Zwei Jahre nach dem antisemitischen Anschlag in Halle

Beitrag von Petra Pau für die Fraktion DIE LINKE im Bundestag, 9. Oktober 2021

Am 9. Oktober 2019 versuchte ein Rechtsextremist in Halle/Sa. einen Massenmord an Jüdinnen und Juden. Mit Waffengewalt wollte er in die Synagoge eindringen, um die dort versammelten Personen zu töten. Das Datum war kein Zufall, denn es war Jom Kippur, der höchste jüdische Feiertag. Nachdem sein Sturm auf das Gotteshaus misslang, erschoss er zwei Passanten. Er wurde verhaftet und später zu lebenslanger Haft verurteilt.

Die These vom Einzeltäter

Wie so häufig bei antisemitischen Straf- und Gewalttaten wurde unterstellt, es handele sich um einen Einzeltäter. Zweifel an dieser These sind fundiert und nötig. Dagegen spricht auch, dass er sich selbst als Teil eines Netzwerkes sah. Er filmte sein mörderisches Agieren und übertrug dies im Livestream, wohl ahnend, dass er dafür Fürsprache erhalten könnte.

Zudem zeigen Analysen, dass ca. 25 Prozent der Bevölkerung antisemitische Vorbehalte hegen, also gegen Jüdinnen und Juden sind, nur weil sie Jüdinnen und Juden sind. Damit knüpfen sie an den schlimmsten Teil deutscher Geschichte an, den Holocaust, den Völkermord an Jüdinnen und Juden in Nazi-Deutschland zwischen 1933 und 1945.

Vom Widerstand weniger abgesehen wurde er damals vom Gros der Bevölkerung geduldet oder gar begrüßt. Allein deshalb sollten in der Bundesrepublik Deutschland alle Alarmglocken läuten, wenn Antisemitismus grassiert. Dass dem so ist, belegen Untersuchungen des Antisemitismusbeauftragten der Bundesregierung, Felix Klein, oder von RIAS, der Recherche- und Informationsstelle Antisemitismus.

Tag für Tag werden fünf judenfeindliche Vorkommnisse registriert

Quartalsweise frage ich die Bundesregierung, wie viele antisemitische Straf- und Gewalttaten sie registriert habe. Im Schnitt geht es um 400 bis 450 Fälle, wobei die offiziellen Zahlen tief stapeln. Anders ausgedrückt: Tag für Tag werden fünf judenfeindliche Vorkommnisse vermerkt. Das ist alarmierend, sollte es zumindest sein. Ein Großteil der Jüdinnen und Juden fühlt sich bedroht, viele erwägen, Deutschland zu verlassen.

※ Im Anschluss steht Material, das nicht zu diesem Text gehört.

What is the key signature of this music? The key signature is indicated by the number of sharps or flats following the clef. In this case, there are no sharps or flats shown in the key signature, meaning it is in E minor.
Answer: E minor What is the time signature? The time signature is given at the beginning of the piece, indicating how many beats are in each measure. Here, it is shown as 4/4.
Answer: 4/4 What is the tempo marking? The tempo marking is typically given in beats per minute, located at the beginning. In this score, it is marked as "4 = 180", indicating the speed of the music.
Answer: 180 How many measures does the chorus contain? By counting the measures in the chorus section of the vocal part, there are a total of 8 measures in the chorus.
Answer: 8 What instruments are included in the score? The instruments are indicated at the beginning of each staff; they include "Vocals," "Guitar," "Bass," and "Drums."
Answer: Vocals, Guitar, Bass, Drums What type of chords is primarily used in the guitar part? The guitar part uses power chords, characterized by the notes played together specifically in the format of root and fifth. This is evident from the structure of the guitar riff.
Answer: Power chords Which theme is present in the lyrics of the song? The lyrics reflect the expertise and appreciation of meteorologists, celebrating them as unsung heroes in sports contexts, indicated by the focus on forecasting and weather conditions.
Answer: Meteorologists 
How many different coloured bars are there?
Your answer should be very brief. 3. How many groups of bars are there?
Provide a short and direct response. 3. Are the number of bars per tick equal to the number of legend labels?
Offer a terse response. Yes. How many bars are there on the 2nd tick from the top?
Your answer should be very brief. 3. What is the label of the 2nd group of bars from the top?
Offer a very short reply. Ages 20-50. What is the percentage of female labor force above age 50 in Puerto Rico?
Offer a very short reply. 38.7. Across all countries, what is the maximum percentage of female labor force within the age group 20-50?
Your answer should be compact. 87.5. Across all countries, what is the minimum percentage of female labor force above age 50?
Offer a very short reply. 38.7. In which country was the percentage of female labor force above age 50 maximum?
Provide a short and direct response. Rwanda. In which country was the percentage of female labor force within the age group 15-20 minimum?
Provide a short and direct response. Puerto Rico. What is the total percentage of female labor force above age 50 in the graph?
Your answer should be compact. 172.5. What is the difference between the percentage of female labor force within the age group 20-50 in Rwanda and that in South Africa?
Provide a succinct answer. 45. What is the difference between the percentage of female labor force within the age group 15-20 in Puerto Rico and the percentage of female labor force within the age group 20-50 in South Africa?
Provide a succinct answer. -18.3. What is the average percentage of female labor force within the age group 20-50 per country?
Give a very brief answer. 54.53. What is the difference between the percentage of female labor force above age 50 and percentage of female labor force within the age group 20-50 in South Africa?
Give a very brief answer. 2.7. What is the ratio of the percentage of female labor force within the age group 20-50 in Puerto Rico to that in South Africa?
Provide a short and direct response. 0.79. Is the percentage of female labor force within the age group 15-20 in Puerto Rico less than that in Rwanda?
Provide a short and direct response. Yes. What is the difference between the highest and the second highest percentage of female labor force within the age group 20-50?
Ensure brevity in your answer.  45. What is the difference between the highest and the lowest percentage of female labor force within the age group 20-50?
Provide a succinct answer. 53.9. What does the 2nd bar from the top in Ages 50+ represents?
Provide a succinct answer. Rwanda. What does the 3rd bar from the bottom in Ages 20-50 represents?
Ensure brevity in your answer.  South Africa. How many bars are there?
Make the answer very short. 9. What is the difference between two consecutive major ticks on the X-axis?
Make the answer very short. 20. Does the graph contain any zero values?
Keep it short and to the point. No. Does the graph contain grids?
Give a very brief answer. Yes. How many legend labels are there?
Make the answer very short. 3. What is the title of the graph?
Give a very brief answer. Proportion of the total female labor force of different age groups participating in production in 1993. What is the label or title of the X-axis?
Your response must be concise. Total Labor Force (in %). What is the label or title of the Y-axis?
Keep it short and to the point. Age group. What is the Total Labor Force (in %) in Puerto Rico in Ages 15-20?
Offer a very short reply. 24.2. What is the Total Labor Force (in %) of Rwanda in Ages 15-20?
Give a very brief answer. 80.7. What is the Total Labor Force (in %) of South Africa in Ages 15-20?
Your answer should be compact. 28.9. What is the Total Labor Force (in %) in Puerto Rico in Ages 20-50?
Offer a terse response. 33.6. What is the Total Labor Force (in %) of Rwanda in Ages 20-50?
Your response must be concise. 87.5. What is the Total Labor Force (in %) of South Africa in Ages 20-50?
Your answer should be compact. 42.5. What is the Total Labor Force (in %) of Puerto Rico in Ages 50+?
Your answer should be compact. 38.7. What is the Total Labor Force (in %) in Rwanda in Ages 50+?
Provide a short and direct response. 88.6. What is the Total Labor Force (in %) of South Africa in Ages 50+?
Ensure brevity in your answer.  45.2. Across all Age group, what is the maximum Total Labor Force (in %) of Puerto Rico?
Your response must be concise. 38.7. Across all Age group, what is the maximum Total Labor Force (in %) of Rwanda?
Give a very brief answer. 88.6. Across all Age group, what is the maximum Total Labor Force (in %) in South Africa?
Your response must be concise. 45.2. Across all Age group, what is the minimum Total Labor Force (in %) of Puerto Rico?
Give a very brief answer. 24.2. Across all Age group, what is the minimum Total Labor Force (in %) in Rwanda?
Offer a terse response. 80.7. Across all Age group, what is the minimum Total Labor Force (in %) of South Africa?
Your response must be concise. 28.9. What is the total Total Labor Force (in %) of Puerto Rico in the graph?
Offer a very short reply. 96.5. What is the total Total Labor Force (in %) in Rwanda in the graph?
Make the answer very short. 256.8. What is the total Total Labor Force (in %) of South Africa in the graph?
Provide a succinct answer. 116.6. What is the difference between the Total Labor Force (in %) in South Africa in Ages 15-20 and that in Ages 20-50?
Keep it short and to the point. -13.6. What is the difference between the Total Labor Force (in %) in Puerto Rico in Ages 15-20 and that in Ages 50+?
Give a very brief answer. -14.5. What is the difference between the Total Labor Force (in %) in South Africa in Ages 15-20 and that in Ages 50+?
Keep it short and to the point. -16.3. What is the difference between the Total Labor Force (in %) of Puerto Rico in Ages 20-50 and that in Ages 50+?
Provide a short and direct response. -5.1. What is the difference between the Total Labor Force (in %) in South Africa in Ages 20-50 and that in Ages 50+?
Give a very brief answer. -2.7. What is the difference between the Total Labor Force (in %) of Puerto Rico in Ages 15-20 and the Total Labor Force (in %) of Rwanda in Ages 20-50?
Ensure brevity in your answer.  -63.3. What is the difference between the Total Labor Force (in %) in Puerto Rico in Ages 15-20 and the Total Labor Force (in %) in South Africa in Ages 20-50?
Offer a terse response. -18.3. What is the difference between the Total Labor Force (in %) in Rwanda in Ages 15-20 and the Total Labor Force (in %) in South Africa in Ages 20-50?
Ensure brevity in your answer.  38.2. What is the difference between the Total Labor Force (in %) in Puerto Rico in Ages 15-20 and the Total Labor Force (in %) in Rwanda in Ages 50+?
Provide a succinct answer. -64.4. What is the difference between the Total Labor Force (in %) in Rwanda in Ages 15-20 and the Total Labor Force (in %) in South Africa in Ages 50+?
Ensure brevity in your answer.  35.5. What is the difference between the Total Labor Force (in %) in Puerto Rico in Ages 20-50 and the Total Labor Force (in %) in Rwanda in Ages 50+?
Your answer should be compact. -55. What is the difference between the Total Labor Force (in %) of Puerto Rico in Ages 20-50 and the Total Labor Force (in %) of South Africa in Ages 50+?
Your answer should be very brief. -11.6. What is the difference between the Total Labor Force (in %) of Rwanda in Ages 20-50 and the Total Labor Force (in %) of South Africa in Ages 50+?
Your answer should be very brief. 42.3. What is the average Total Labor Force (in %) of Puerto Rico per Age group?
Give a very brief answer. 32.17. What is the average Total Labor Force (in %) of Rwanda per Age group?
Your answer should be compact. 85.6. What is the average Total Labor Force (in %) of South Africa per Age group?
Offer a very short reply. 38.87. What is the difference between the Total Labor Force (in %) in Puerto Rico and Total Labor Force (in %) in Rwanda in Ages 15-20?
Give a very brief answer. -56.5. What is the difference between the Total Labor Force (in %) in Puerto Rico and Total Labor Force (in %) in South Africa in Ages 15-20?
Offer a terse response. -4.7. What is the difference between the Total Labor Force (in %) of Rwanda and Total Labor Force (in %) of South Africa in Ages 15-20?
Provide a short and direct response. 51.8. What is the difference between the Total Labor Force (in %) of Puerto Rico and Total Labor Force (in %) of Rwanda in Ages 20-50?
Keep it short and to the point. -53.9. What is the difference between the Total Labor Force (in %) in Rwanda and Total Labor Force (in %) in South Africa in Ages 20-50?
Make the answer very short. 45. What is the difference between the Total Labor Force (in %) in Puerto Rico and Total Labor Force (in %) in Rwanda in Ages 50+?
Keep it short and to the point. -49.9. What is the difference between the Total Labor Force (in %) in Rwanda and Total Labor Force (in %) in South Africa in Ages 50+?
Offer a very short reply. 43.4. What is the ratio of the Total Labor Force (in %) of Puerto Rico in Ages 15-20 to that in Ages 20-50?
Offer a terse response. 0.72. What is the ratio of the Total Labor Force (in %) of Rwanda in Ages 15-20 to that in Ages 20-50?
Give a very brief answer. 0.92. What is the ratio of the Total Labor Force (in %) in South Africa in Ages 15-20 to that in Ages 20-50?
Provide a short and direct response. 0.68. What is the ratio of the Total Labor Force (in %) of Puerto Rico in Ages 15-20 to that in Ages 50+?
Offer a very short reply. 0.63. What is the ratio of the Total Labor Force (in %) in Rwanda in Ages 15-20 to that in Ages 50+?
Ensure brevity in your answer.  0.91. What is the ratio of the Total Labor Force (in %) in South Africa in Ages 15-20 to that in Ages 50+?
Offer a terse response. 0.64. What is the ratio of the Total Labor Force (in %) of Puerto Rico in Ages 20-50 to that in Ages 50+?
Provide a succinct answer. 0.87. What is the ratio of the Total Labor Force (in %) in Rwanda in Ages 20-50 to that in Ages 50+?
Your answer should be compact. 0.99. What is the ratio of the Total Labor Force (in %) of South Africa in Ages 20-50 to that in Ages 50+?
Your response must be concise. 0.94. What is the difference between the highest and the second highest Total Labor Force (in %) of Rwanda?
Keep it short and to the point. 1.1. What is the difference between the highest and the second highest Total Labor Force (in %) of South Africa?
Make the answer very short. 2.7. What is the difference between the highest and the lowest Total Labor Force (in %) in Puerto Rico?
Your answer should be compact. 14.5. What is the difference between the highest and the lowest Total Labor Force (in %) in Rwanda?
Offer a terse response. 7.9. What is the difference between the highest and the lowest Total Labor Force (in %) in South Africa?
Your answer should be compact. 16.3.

Und während ich das hier schreibe, gab es wieder zwei „Vorfälle“, die es in die Medien schafften. Bei einem Fußballspiel des 1. FC Union Berlin gegen Maccabi Haifa gab es aus einem Fanblock heraus antisemitische Rufe, obendrein sei versucht worden, eine israelische Flagge zu verbrennen. In Leipzig wiederum wurde ein jüdischer Musiker bedrängt, seine Davidstern-Kette abzunehmen, anderenfalls sei er im Hotel unerwünscht.

Unsere Verantwortung

Dies alles und mehr zeigt: Antisemitismus ist inmitten der Gesellschaft und muss alltäglich geächtet werden. Dazu gibt es einschlägige Aktionspläne auf EU-Ebene und hierzulande. Im Kern geht es darin um drei Felder:
a) Verhütung aller Formen des Antisemitismus;
b) Förderung jüdischen Lebens;
c) Gedenken an den Holocaust.

Das treibt mich seit längerem und fürderhin um, aus Achtung vor der Würde jüdischer Menschen und als Streiterin für Bürgerrechte und Demokratie.